- Six Mile Grove Township, Minnesota Location within the state of Minnesota Six Mile Grove Township, Minnesota Six Mile Grove Township, Minnesota (the United States)
- Coordinates: 45°17′0″N 95°40′36″W﻿ / ﻿45.28333°N 95.67667°W
- Country: United States
- State: Minnesota
- County: Swift

Area
- • Total: 35.9 sq mi (93.1 km^{2})
- • Land: 35.9 sq mi (93.0 km^{2})
- • Water: 0.039 sq mi (0.1 km^{2})
- Elevation: 1,030 ft (314 m)

Population (2000)
- • Total: 171
- • Density: 4.7/sq mi (1.8/km^{2})
- Time zone: UTC-6 (Central (CST))
- • Summer (DST): UTC-5 (CDT)
- FIPS code: 27-60592
- GNIS feature ID: 0665623

= Six Mile Grove Township, Swift County, Minnesota =

Six Mile Grove Township is a township in Swift County, Minnesota, United States. The population was 171 at the 2000 census.

Six Mile Grove Township was organized in 1866 and named from the fact that a grove was located there stood 6 mi from Benson.

==Geography==
According to the United States Census Bureau, the township has a total area of 36.0 square miles (93.1 km^{2}), of which 35.9 square miles (93.0 km^{2}) is land and 0.04 square mile (0.1 km^{2}) (0.11%) is water.

==Demographics==
As of the census of 2000, there were 171 people, 63 households, and 51 families residing in the township. The population density was 4.8 people per square mile (1.8/km^{2}). There were 66 housing units at an average density of 1.8/sq mi (0.7/km^{2}). The racial makeup of the township was 100.00% White.

There were 63 households, out of which 30.2% had children under the age of 18 living with them, 77.8% were married couples living together, 3.2% had a female householder with no husband present, and 17.5% were non-families. 15.9% of all households were made up of individuals, and 4.8% had someone living alone who was 65 years of age or older. The average household size was 2.71 and the average family size was 3.02.

In the township, the population was spread out, with 27.5% under the age of 18, 4.7% from 18 to 24, 31.6% from 25 to 44, 25.1% from 45 to 64, and 11.1% who were 65 years of age or older. The median age was 40 years. For every 100 females, there were 103.6 males. For every 100 females age 18 and over, there were 106.7 males.

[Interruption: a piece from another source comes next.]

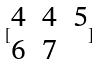<formula> <loc_0><loc_0><loc_500><loc_500>[ \begin{matrix} 4 & 4 & 5 \\ 6 & 7 \end{matrix} ]</formula> 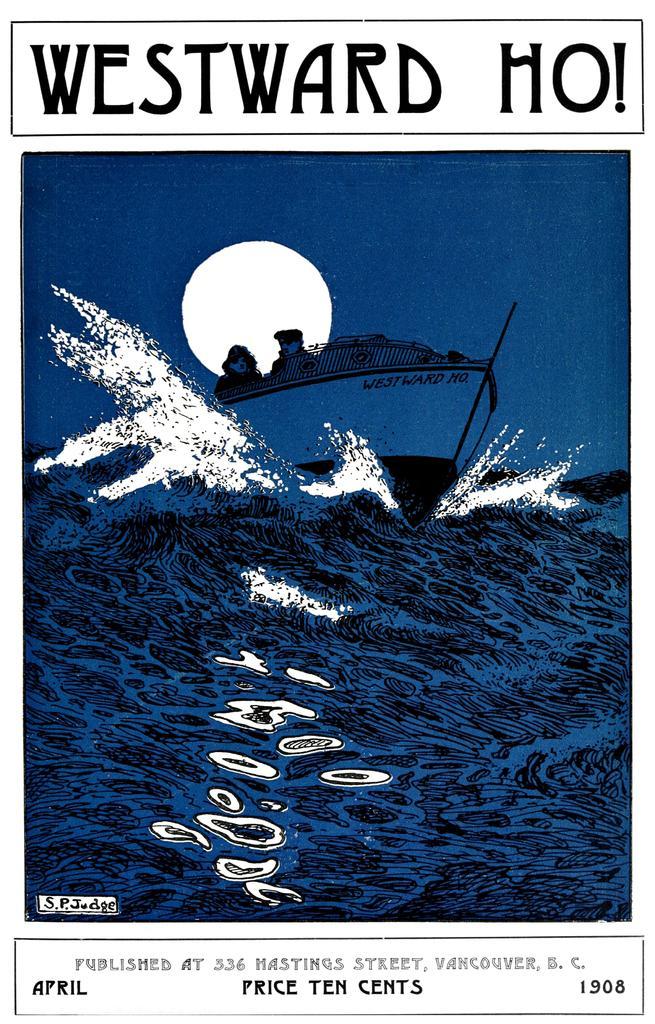Could you give a brief overview of what you see in this image? In the image we can see a poster. In the poster there is water and boat.

The median income for a household in the township was $42,083, and the median income for a family was $48,125. Males had a median income of $28,750 versus $20,000 for females. The per capita income for the township was $20,035. None of the families and 0.6% of the population were living below the poverty line, including no under eighteens and 5.9% of those over 64.